### REQUIRED ACTION
Write out, word for word, every line in the data below from the one containing "Document page, 1241x1754 pixels." to the one containing "For every layout", both of them included.

### SOURCE INFORMATION

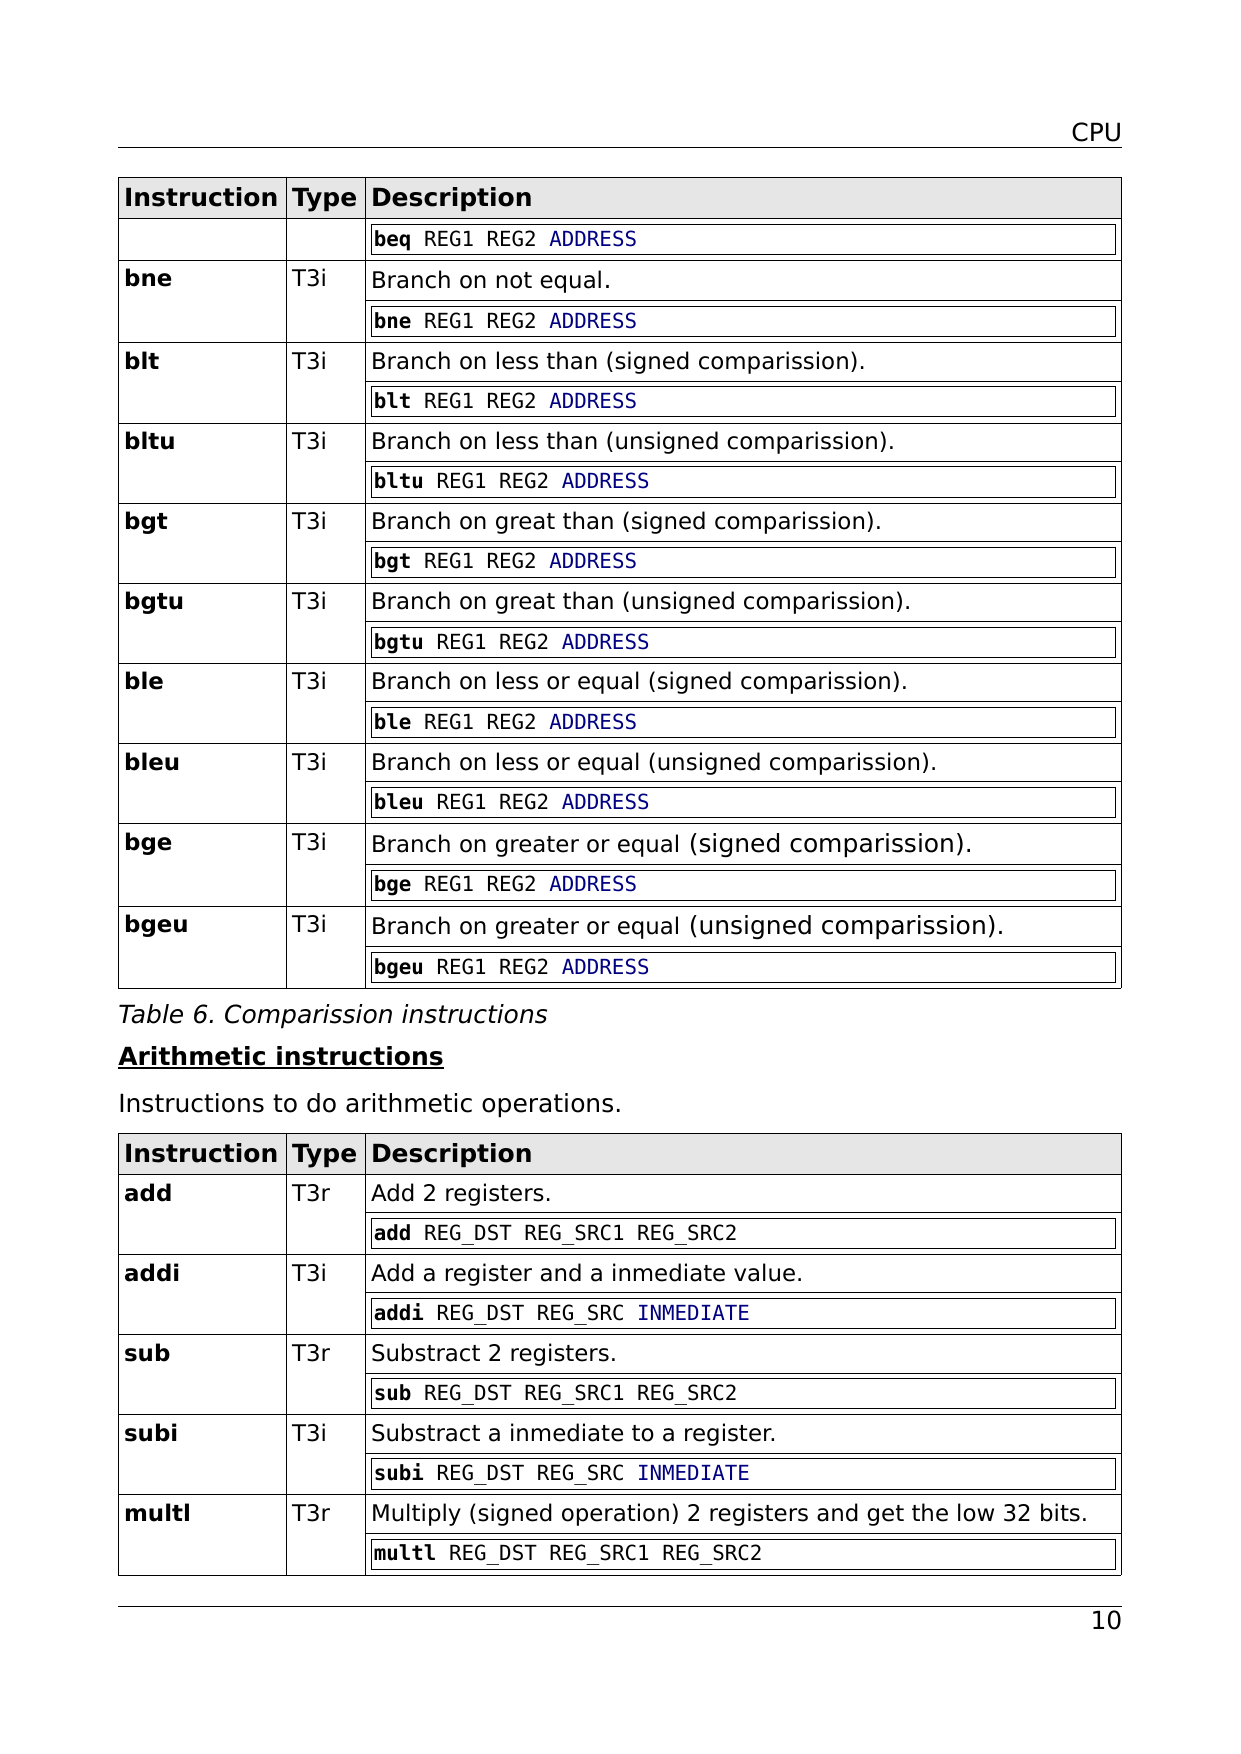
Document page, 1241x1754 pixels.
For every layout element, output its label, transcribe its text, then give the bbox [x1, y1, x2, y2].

==

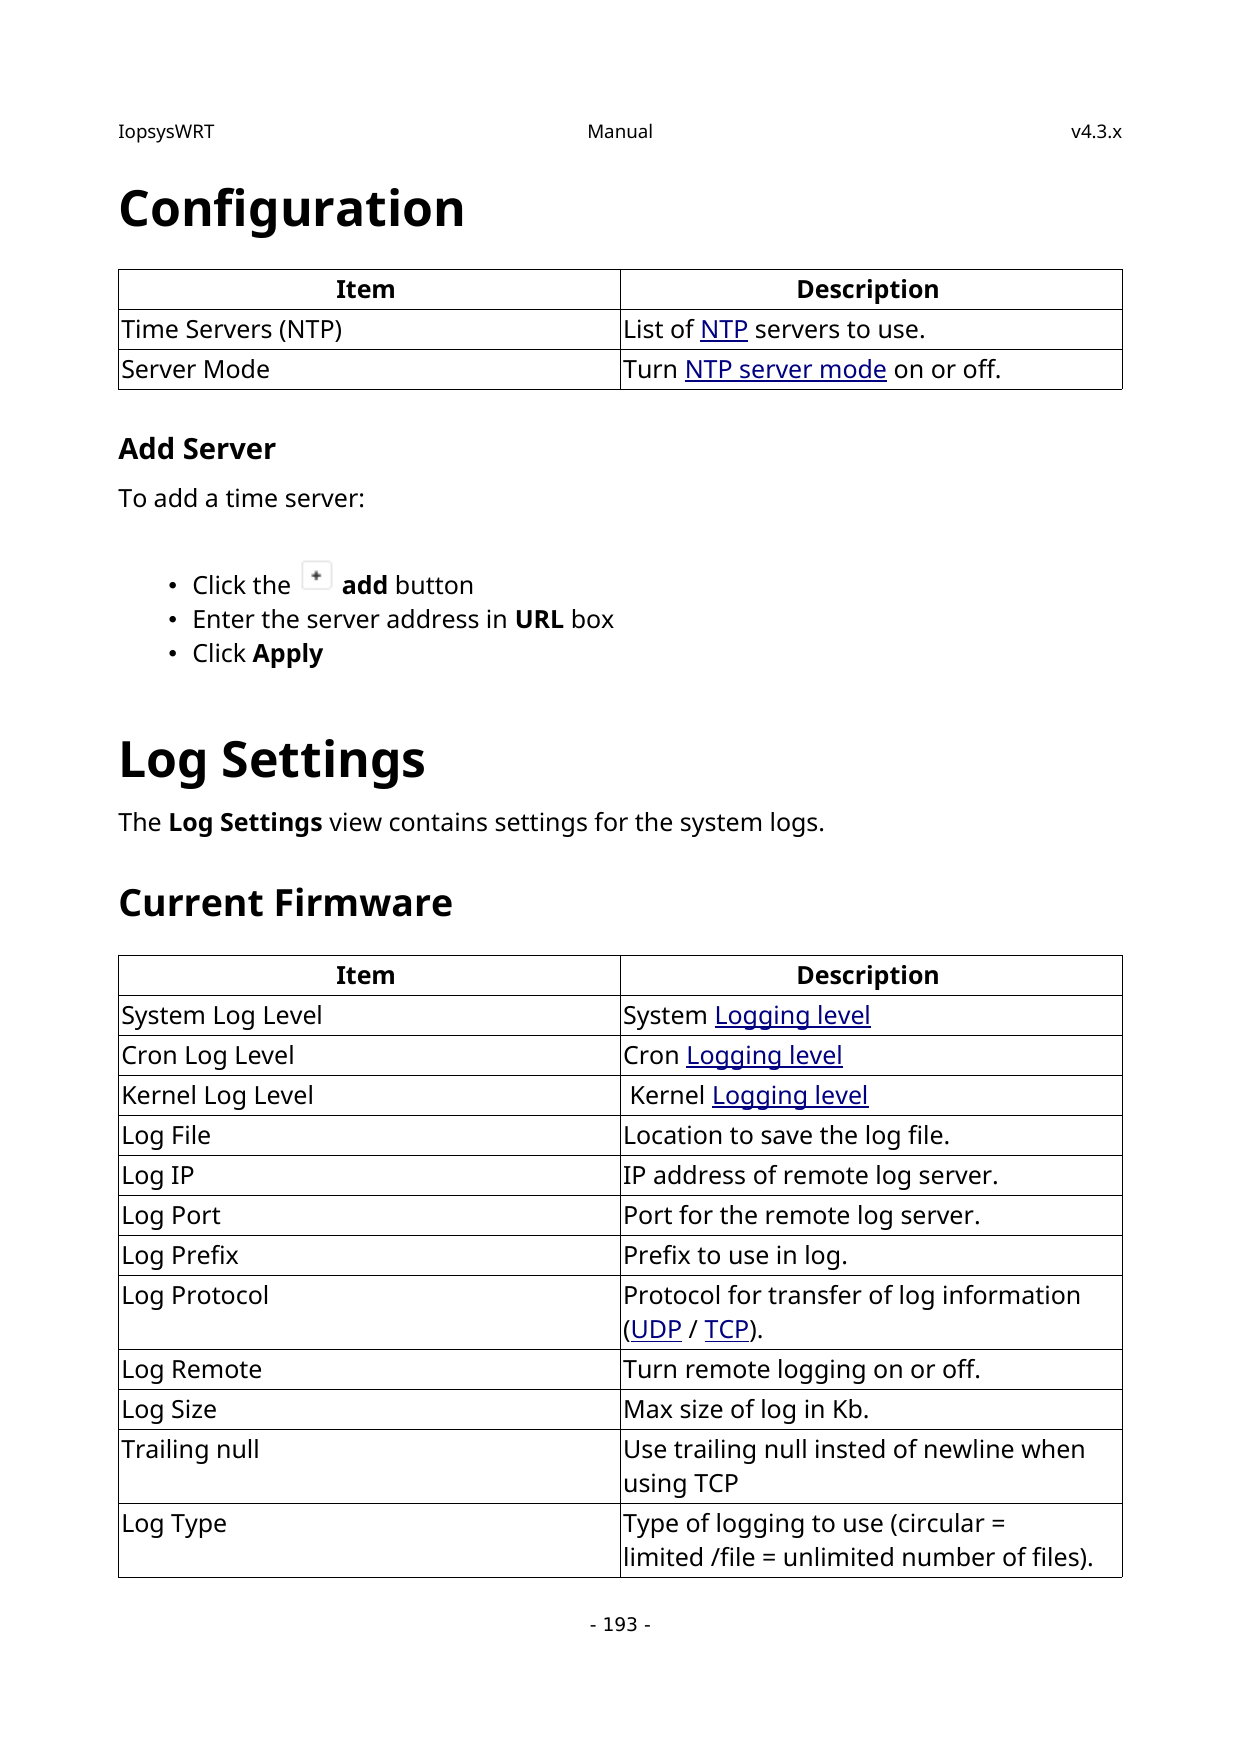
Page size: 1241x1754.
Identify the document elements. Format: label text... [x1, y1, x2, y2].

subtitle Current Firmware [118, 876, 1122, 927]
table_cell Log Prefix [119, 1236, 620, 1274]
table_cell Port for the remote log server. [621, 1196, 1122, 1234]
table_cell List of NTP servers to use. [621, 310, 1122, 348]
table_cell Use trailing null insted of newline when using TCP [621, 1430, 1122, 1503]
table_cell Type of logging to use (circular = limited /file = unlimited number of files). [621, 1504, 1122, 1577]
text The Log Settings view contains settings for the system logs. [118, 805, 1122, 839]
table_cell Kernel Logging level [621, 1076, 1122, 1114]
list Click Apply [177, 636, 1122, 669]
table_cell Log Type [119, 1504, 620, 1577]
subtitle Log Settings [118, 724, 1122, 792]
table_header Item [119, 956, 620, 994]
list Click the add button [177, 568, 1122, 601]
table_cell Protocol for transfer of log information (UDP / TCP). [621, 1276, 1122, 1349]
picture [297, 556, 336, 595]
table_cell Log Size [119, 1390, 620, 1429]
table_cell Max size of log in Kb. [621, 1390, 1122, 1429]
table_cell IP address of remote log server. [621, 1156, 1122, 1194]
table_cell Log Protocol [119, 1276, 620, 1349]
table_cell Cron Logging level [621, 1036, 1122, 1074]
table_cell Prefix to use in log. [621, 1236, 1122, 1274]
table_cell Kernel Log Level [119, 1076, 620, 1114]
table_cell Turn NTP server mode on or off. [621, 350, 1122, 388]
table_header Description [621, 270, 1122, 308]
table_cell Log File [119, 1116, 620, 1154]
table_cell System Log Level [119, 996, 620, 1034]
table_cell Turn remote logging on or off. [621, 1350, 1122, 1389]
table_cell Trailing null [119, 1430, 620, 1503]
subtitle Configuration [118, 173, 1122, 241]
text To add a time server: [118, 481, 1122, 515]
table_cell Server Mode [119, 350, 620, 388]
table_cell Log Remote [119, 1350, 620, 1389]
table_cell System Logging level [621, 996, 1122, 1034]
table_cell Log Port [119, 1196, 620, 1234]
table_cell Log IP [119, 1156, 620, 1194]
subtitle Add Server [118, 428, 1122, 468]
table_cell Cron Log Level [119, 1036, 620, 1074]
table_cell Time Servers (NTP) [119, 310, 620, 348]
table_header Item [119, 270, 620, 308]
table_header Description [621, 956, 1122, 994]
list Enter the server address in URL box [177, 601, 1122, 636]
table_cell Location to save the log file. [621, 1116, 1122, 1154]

==

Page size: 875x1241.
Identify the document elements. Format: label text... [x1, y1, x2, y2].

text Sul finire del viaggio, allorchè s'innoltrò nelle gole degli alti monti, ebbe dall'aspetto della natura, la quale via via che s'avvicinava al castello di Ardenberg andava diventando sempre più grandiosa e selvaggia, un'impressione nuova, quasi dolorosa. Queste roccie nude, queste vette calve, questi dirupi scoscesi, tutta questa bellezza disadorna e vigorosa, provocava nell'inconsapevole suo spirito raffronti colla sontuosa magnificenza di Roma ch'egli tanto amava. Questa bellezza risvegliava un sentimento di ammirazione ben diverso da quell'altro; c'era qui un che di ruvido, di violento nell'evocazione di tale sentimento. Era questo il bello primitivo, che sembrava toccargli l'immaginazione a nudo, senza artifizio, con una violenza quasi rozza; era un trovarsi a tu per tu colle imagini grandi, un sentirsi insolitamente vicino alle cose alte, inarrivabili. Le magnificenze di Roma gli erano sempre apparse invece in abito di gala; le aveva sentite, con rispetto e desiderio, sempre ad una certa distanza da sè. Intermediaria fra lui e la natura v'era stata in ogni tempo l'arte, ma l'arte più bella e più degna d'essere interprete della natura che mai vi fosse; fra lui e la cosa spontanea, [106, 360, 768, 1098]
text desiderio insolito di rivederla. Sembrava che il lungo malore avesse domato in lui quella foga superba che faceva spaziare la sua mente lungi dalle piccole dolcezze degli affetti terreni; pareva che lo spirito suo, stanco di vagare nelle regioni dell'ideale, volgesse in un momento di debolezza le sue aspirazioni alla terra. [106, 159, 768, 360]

### SOLUTION BELOW
Document page, 1241x1754 pixels.
For every layout element, output its label, transcribe its text, then give the bbox [x1, y1, x2, y2].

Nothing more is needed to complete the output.